Nasopharyngeal carcinoma (NPC) remains highly sensitive to radiotherapy; however, radioresistance in a subset of patients leads to local recurrence and distant metastasis. Serum proteomics provides a minimally invasive approach to capturing dynamic physiological changes, and machine learning enables efficient construction of predictive models. This study aimed to develop and validate a serum proteomics–based machine-learning model for predicting radiotherapy sensitivity in nasopharyngeal carcinoma (NPC).

Methods

Pretreatment serum samples from newly diagnosed NPC patients were analyzed using SELDI-TOF-MS. Differentially expressed proteins between radiosensitive and radioresistant groups were identified using limma. GO and KEGG analyses were performed to explore functional enrichment. Twelve machine-learning algorithms were used to construct predictive models, and the top-performing models were optimized through feature selection. A Random Forest model with seven features was identified as the optimal model. External validation was performed using an independent cohort with ELISA-quantified protein levels. Model performance was assessed using Receiver operating characteristic curve (ROC), calibration analysis, decision curve analysis (DCA), and 10-fold cross-validation. SHapley Additive exPlanations (SHAP) analysis was applied for model interpretability, and the final model was deployed via a ShinyAPP.

Results

A total of 96 differentially expressed proteins were identified, which involved multiple function and signaling pathways. The Random Forest model demonstrated the best predictive performance, achieving an area under the curve (AUC) of 0.963 in the training set and 0.975 in the validation set. Cross-validation yielded an average AUC of 0.965. DCA indicated high clinical utility across a broad threshold range, and calibration curves showed good model agreement.

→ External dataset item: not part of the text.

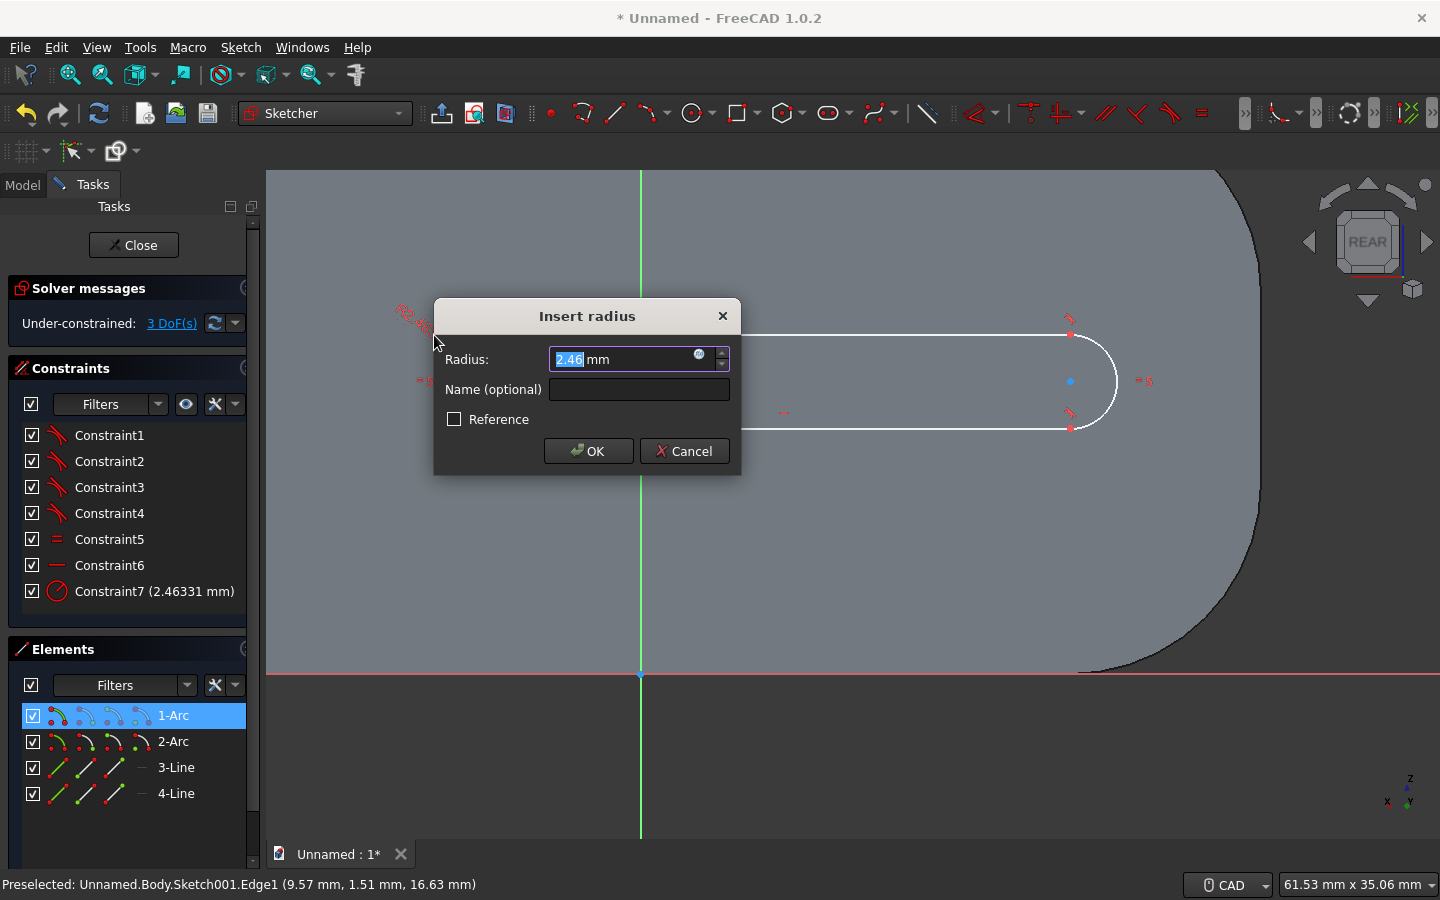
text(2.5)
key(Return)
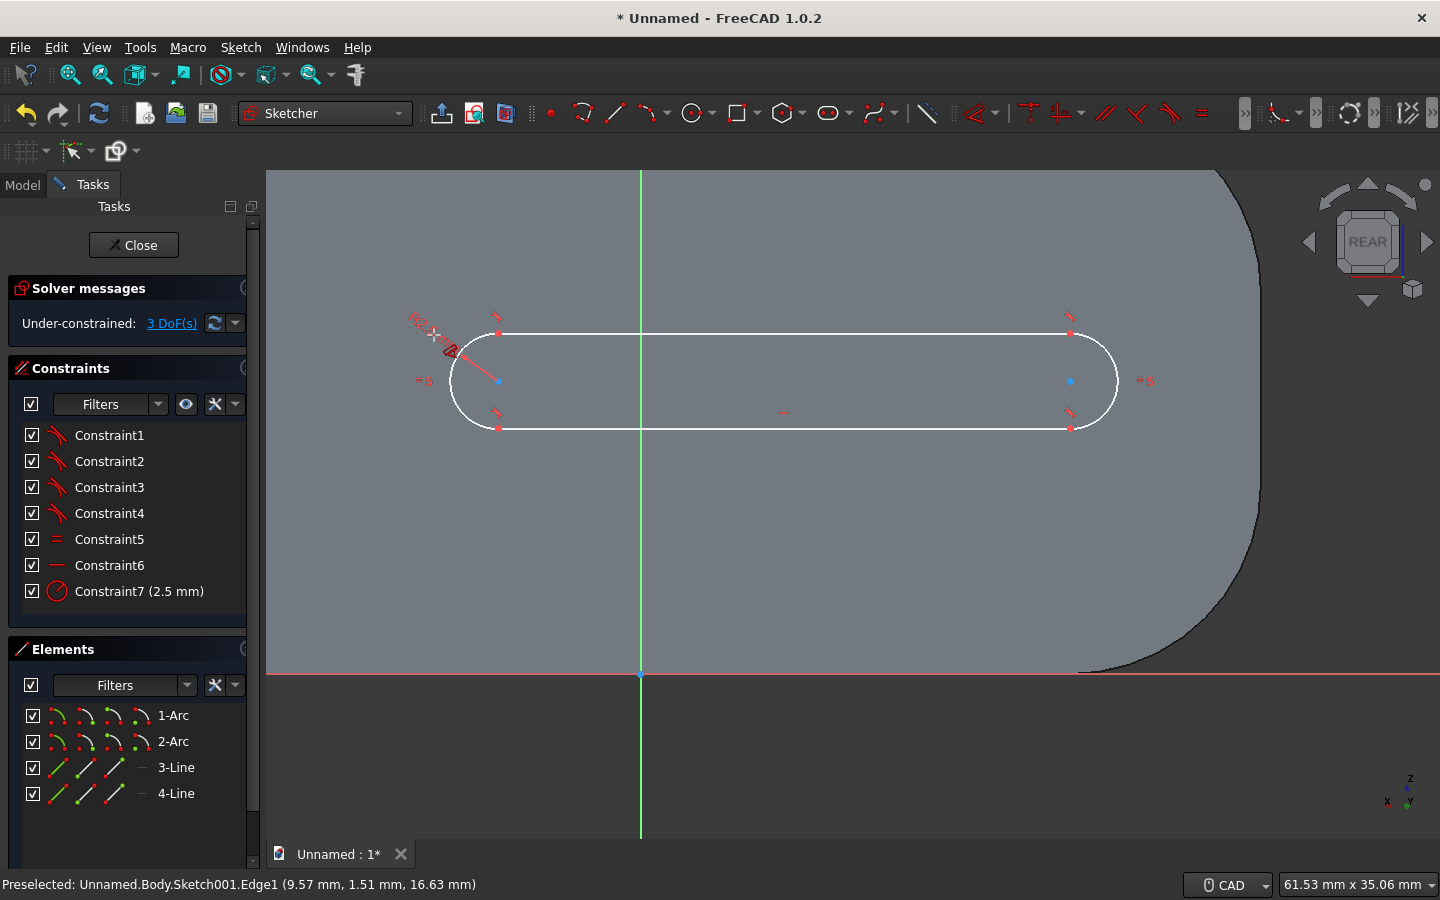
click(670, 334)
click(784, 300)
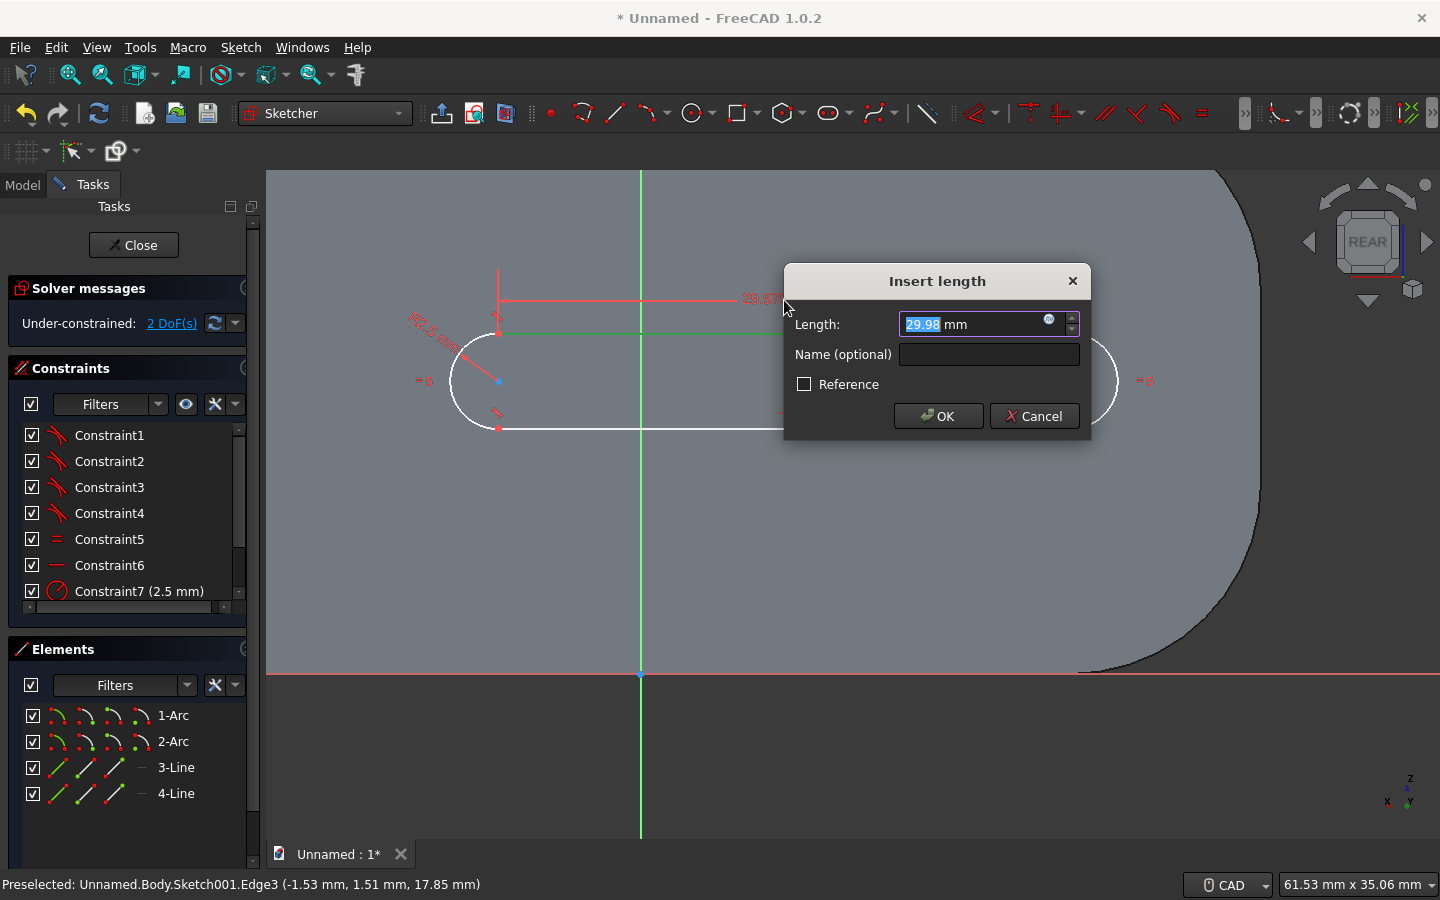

Seven proteins (PLXND1, GSR, PGD, PTPRC, OR2T29, ACTG2, CHAD) were selected as final features. SHAP analysis provided global and individual-level interpretability. A web-based tool was developed to facilitate clinical application.

Conclusion

This study establishes a robust serum proteomics–based machine-learning model capable of accurately predicting radiotherapy sensitivity in NPC. The model offers clinical interpretability and practical implementation, supporting personalized radiotherapy decision-making.